Simonetti e seu amigo durante o bloco Depois a Gente se Vira
Arquivo pessoal
O ambiente boêmio do bar logo se tornou um ponto de encontro onde cultura e política caminhavam juntas, e o próximo passo foi levar a folia para as ruas.
"Assim, nós reunimos cerca de seis ou sete amigos, os 'generais da banda', e começamos a pensar em cores, porta-bandeira e tudo mais. Com muito amadorismo, mas muita vontade, fomos às ruas na sexta-feira que antecede o carnaval. Foi assim que o bloco Depois da Gente Se Vira nasceu: do encontro de outros amigos dentro do bar", lembra Simonetti.

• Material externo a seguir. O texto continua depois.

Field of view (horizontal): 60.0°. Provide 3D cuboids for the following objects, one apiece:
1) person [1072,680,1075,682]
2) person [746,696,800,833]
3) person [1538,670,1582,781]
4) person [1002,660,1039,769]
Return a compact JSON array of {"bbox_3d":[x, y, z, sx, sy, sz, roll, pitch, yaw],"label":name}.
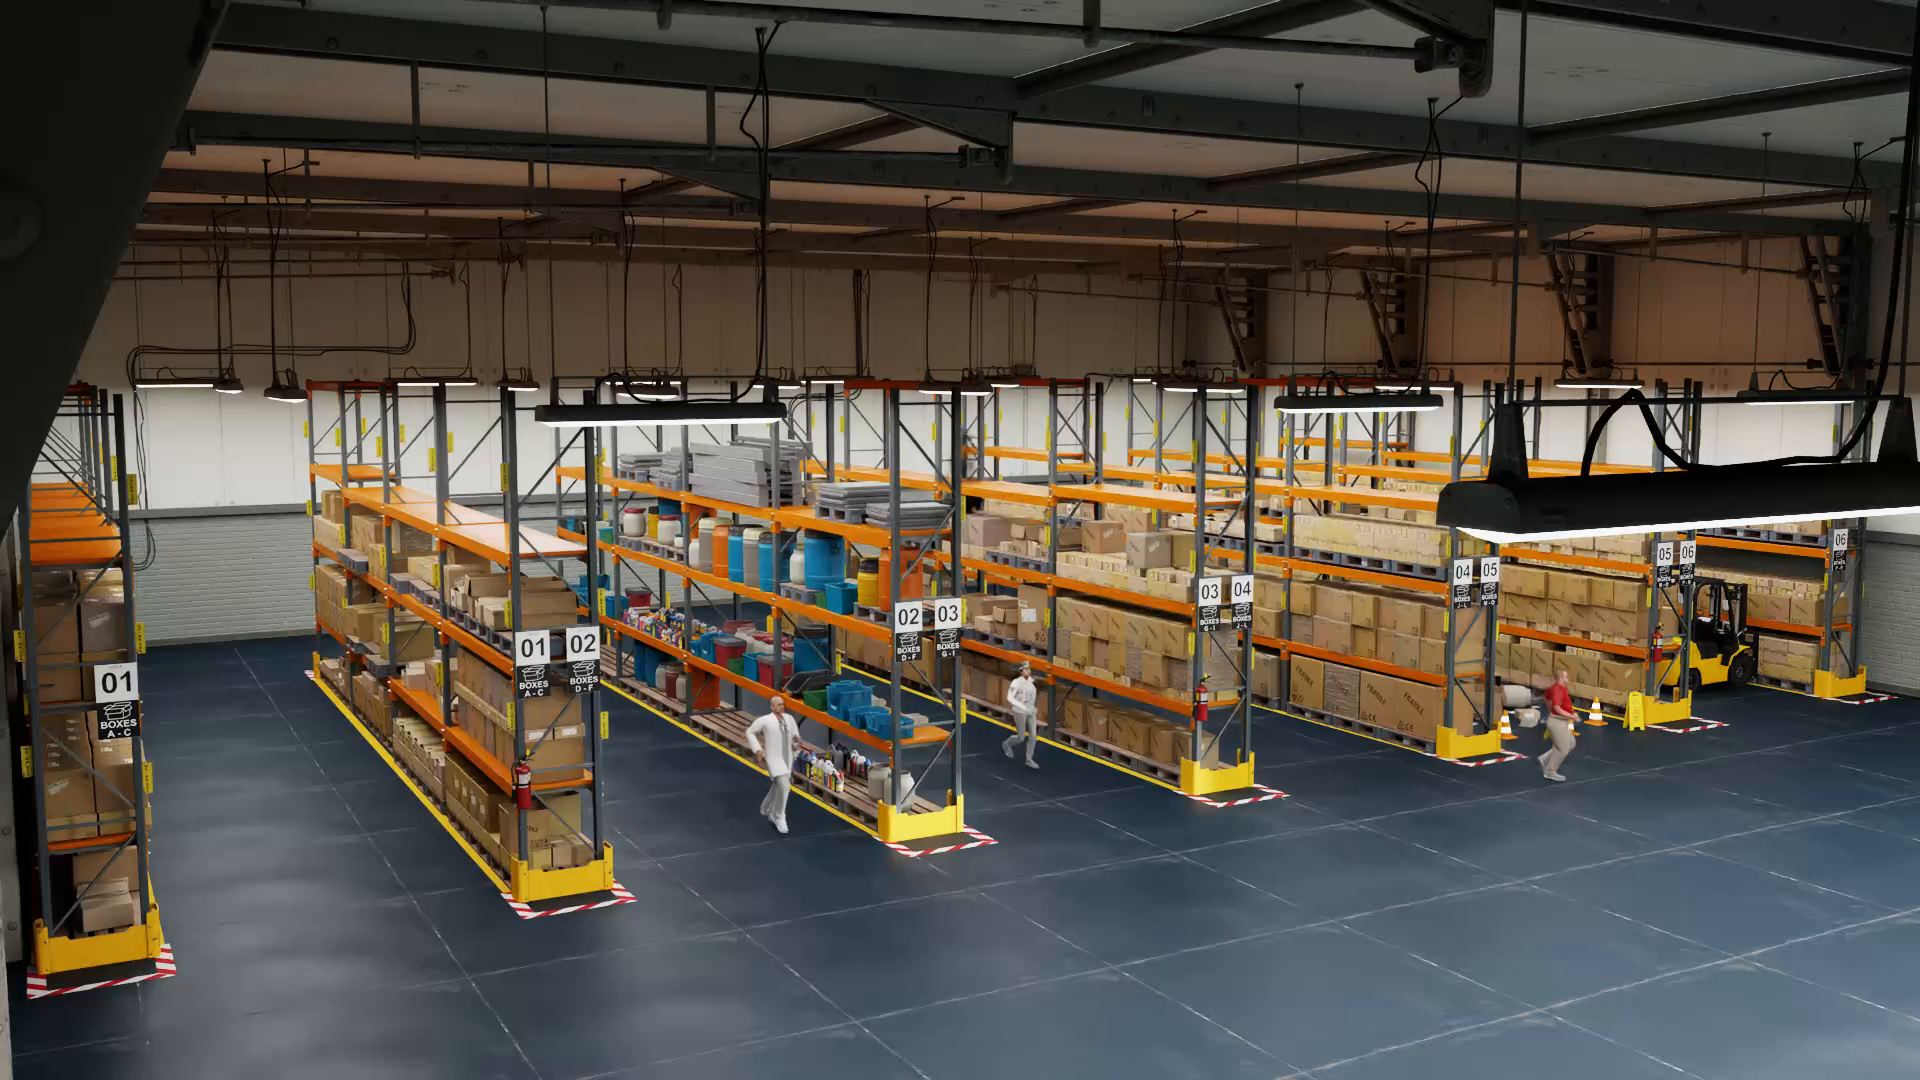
[{"bbox_3d":[2.360,1.954,33.122,0.698,1.738,0.578,-4,7,-31],"label":"person"},{"bbox_3d":[-2.483,3.044,22.671,0.825,1.842,0.668,5,8,40],"label":"person"},{"bbox_3d":[9.141,2.809,25.264,0.548,1.692,0.671,2,6,16],"label":"person"},{"bbox_3d":[0.980,2.723,26.224,0.623,1.682,0.785,-5,8,-38],"label":"person"}]
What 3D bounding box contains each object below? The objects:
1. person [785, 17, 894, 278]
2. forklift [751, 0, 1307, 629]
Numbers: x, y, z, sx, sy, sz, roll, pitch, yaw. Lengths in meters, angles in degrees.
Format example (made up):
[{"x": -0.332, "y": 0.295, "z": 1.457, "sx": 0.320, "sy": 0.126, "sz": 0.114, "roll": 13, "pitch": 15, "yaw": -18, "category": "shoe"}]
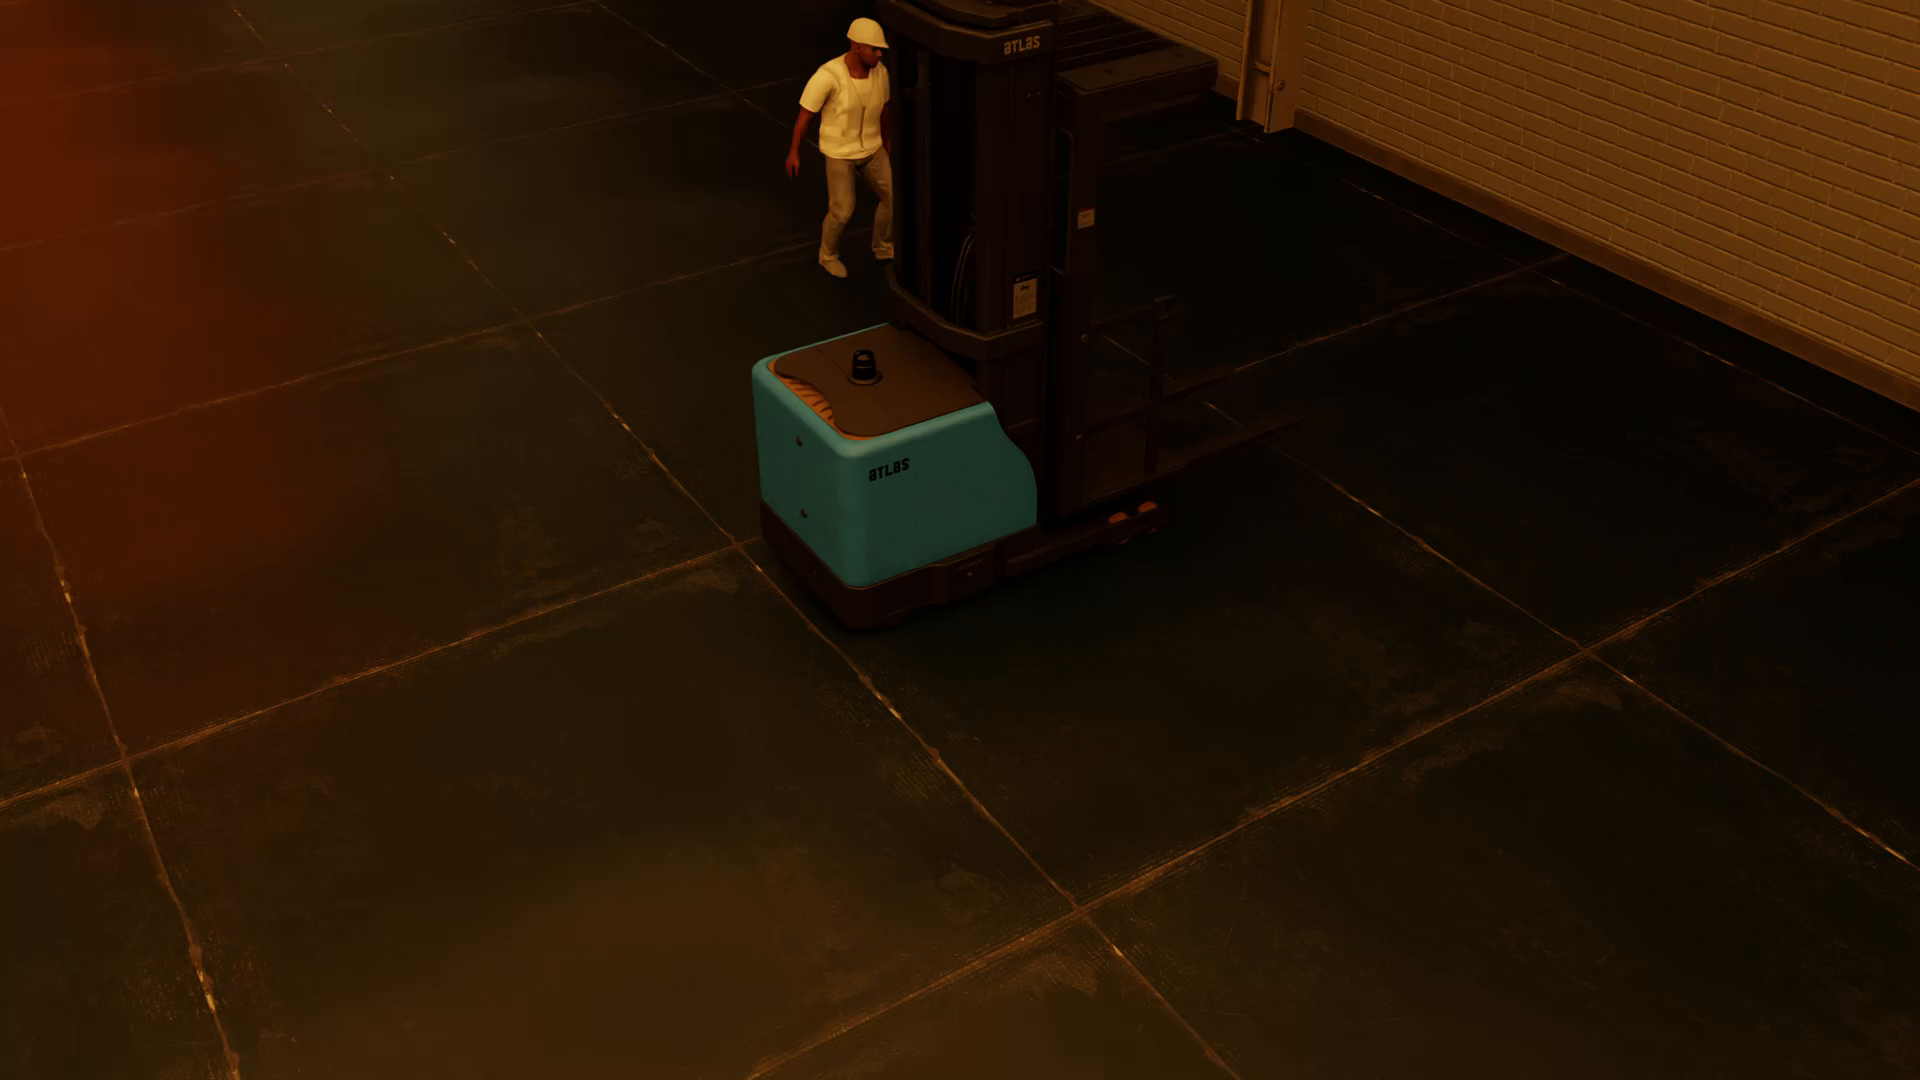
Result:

Participantes do bloco Depois a Gente se Vira
Arquivo pessoal
Simonetti destaca que uma característica fundamental do movimento era a liberdade, em um Brasil que caminhava para a redemocratização. Por isso, a decisão de não usar cordas de isolamento no bloco se tornou um símbolo para aqueles jovens.
O nome e o logotipo do bloco também nasceram de forma espontânea, em uma mesa de bar. O responsável pela criação foi o publicitário Manuel Mota, o Mané Mota.
"Ele fez um desenho e criou o nome e o logotipo, e assim o nome Depois a Gente se Vira foi adotado, e hoje estão nas camisetas, porta-bandeiras. Tudo nasceu desse pequeno esboço do Mané Mota, o bar foi só o embrião do nosso bloco", explica Simonetti.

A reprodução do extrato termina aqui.